Following the strike though, Gilvasunner has announced they will be deleting their channel this Friday (February 4).
Writing on Twitter, they said: “Hi everyone, after the 1300 copyright blocks from Nintendo a few days ago, the YT channel received another 2200 blocks today (with likely many more to follow). After thinking about this a lot over the past few days, I’ve decided that at this point it’s really not worth it to keep the channel up any longer, and will therefore delete the GilvaSunner YouTube channel (or what’s left of it) this coming Friday.”
I'll point out again that GilvaSunner's channel did not compete with Nintendo in any way, going all the way back to 2019. Its videos didn't replace buying Nintendo games. The channel didn't compete with legit sources for Nintendo game music, since Nintendo declined to create any such legit sources. This was, for the past 3 years, simply Nintendo trying to stamp out a resource for Nintendo fans to celebrate Nintendo music, thereby expressing and solidifying their fandom.
But when it comes to this latest round of copyright strikes, it comes with a slight sliver of a difference.
Announcing the Pokémon DP Sound Library! 🎶
All the music you love from the original Pokémon Diamond and Pokémon Pearl games is now available to listen to AND download for use in personal video and music creation.

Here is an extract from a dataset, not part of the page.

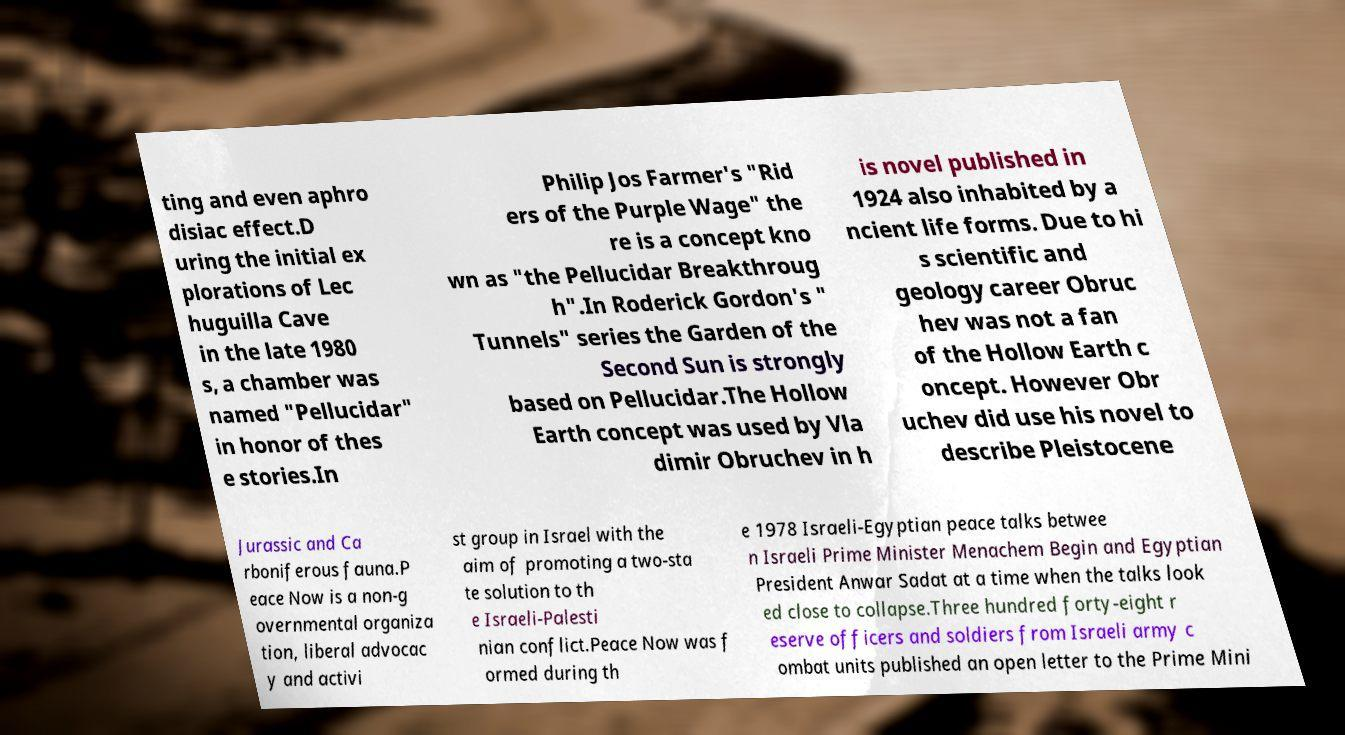Can you read and provide the text displayed in the image?This photo seems to have some interesting text. Can you extract and type it out for me? ting and even aphro disiac effect.D uring the initial ex plorations of Lec huguilla Cave in the late 1980 s, a chamber was named "Pellucidar" in honor of thes e stories.In Philip Jos Farmer's "Rid ers of the Purple Wage" the re is a concept kno wn as "the Pellucidar Breakthroug h".In Roderick Gordon's " Tunnels" series the Garden of the Second Sun is strongly based on Pellucidar.The Hollow Earth concept was used by Vla dimir Obruchev in h is novel published in 1924 also inhabited by a ncient life forms. Due to hi s scientific and geology career Obruc hev was not a fan of the Hollow Earth c oncept. However Obr uchev did use his novel to describe Pleistocene Jurassic and Ca rboniferous fauna.P eace Now is a non-g overnmental organiza tion, liberal advocac y and activi st group in Israel with the aim of promoting a two-sta te solution to th e Israeli-Palesti nian conflict.Peace Now was f ormed during th e 1978 Israeli-Egyptian peace talks betwee n Israeli Prime Minister Menachem Begin and Egyptian President Anwar Sadat at a time when the talks look ed close to collapse.Three hundred forty-eight r eserve officers and soldiers from Israeli army c ombat units published an open letter to the Prime Mini

🎧 Tune in: https://t.co/jtypxqVG5o pic.twitter.com/5r3rTtmcjn
— Pokémon (@Pokemon) February 2, 2022
So, while this is nothing like all of Nintendo making its game music available for streaming, it's at least a step in that direction. But think about this for a moment: for 3 years Nintendo has been warring with a YouTube channel celebrating its music without offering any real streaming alternative -- yes, some game music has been available to buy on iTunes for some time, but that's not the same thing -- and once the company managed to kill off that channel, one of its properties releases a site to both stream and download for free some of that same music.
Is that not both insane and annoying? Nintendo didn't have to release this site; GilvaSunner was doing it for free. But Nintendo is so in love with controlling all of its IP that this is where we somehow landed.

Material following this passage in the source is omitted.